The Scientist or the Politician: Assessing Their Legacies

The Scientist or the Politician: Assessing Their Legacies

 It’s difficult to imagine two more important figures of the nineteenth century than Charles Darwin and Abraham Lincoln, both born on February 12, 1809. 

As 2009 marked their bicentennial birthdays, prominent celebrations have been held throughout the year. This double historical anniversary also sparked a debate about which man was more important. Which one left a greater legacy to the world? Who is more indispensable to history? Was it the British scientist or the American politician?

Many articles seemed to give Darwin the advantage—and not without reason. Evolutionary theories changed the way the world thinks about life’s emergence and forced people to reconsider their view of human origins. Darwin’s influence was truly monumental and international in impact. He changed the scientific paradigm in biology and, thus, changed the world.

As is my habit of siding with the underdog (I argue that Wilt Chamberlain was a greater NBA player than Michael Jordan), I would respectfully assert that Lincoln has left a more impressive historical legacy. He changed America forever and, in turn, America changed the world.

President Lincoln accomplished two things that impacted the world in more enduring ways than even Darwin. First, Lincoln introduced political and legal measures that led directly to the abolition of slavery in America. His Emancipation Proclamation of 1863 challenged the nation to live in a way that is morally consistent with what the founders proclaimed in the Declaration of Independence:

“We hold these truths to be self-evident, that all men are 

created equal, that they are endowed by their Creator with 

certain unalienable Rights, that among these are Life, 

Liberty, and the Pursuit of Happiness.”

Second, Lincoln’s presidential leadership uniquely held the Union together during America’s greatest internal crisis: the Civil War (1861–1865). Before the war, people would say “the United States are.” After the war, people would forever say “the United States is.”

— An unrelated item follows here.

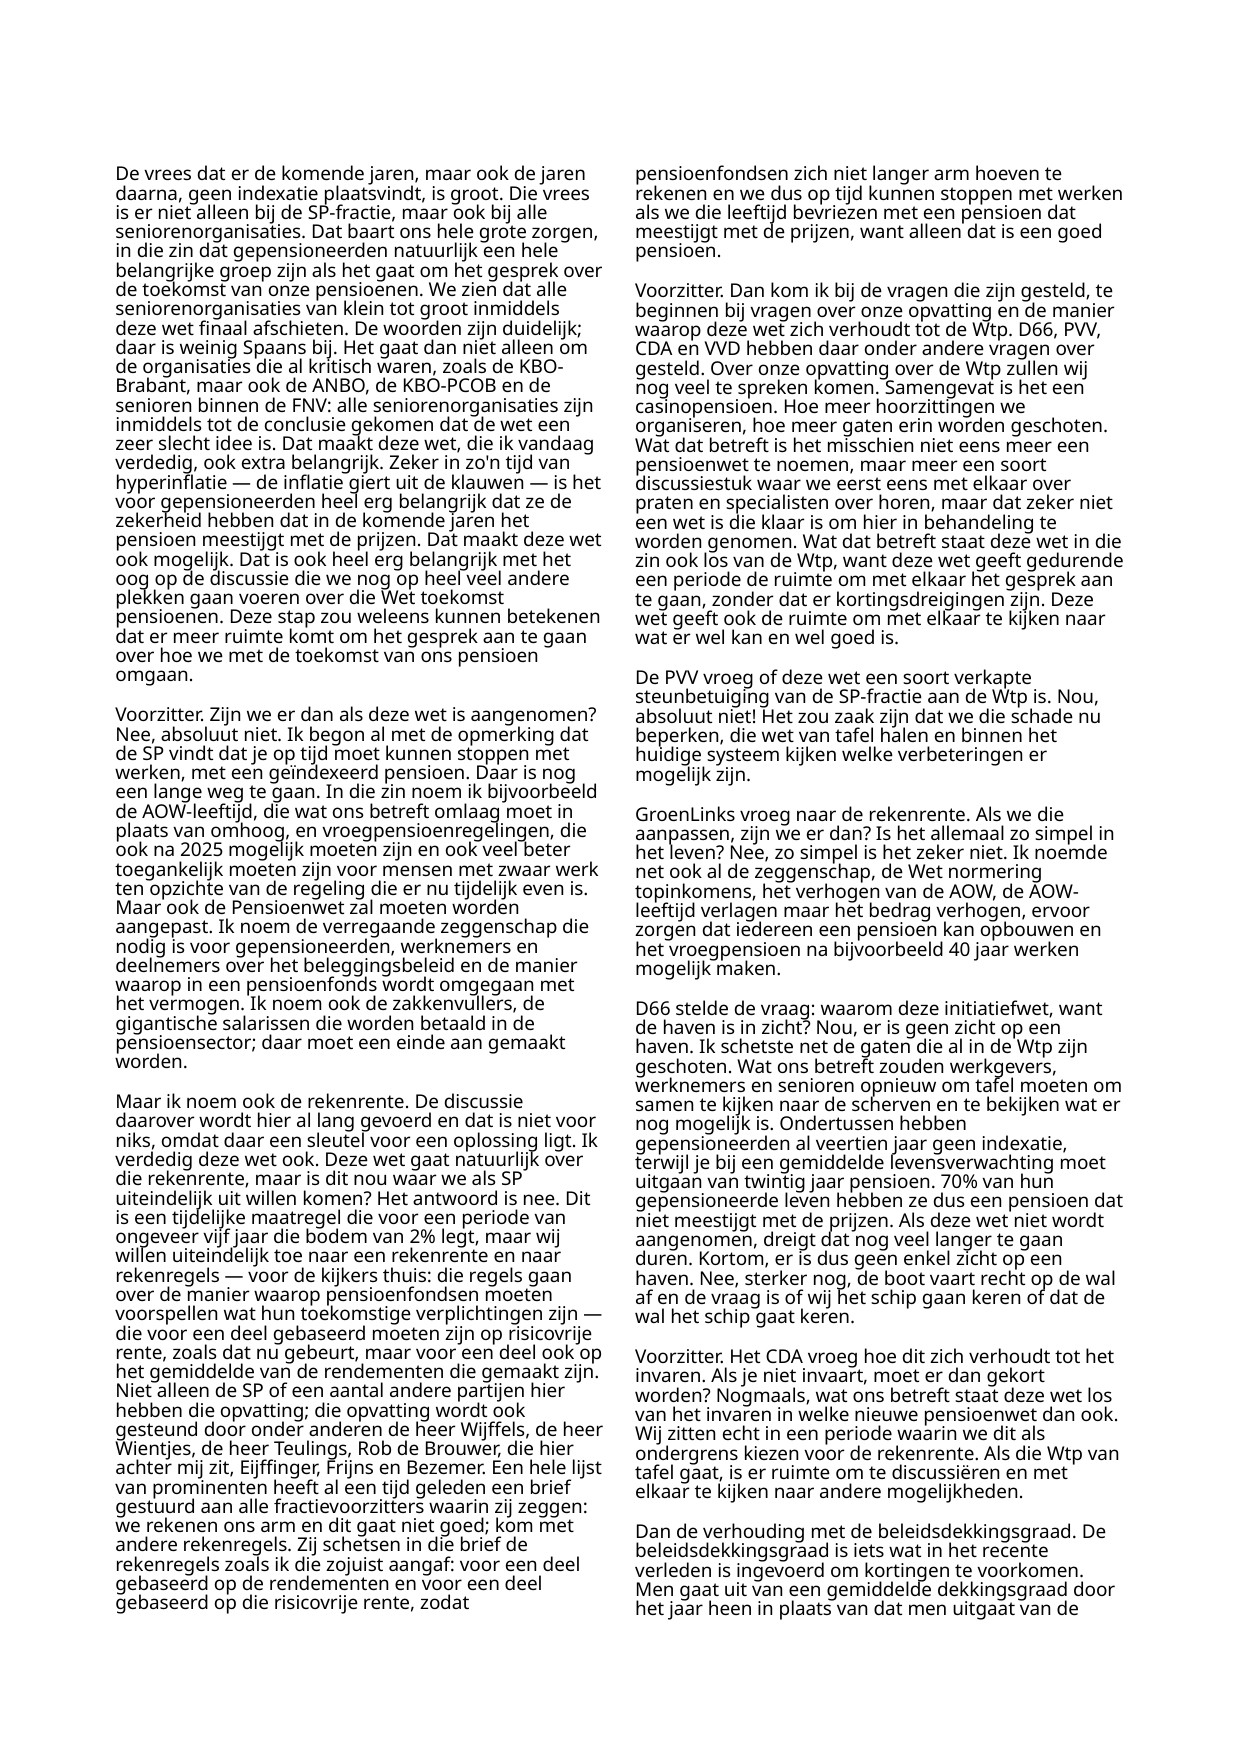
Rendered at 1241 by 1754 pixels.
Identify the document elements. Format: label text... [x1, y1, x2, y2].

Because Lincoln held the Union together, the United States of America succeeded in saving the world in the twentieth century from the oppressive and tyrannical ideologies of fascism and communism. Without a Union victory in the Civil War there likely would not have been an Allied victory in World War II and in the Cold War.

Lincoln directly and indirectly helped liberate oppressed peoples around the world. Between these two towering figures of history, I see his legacy as the greater one.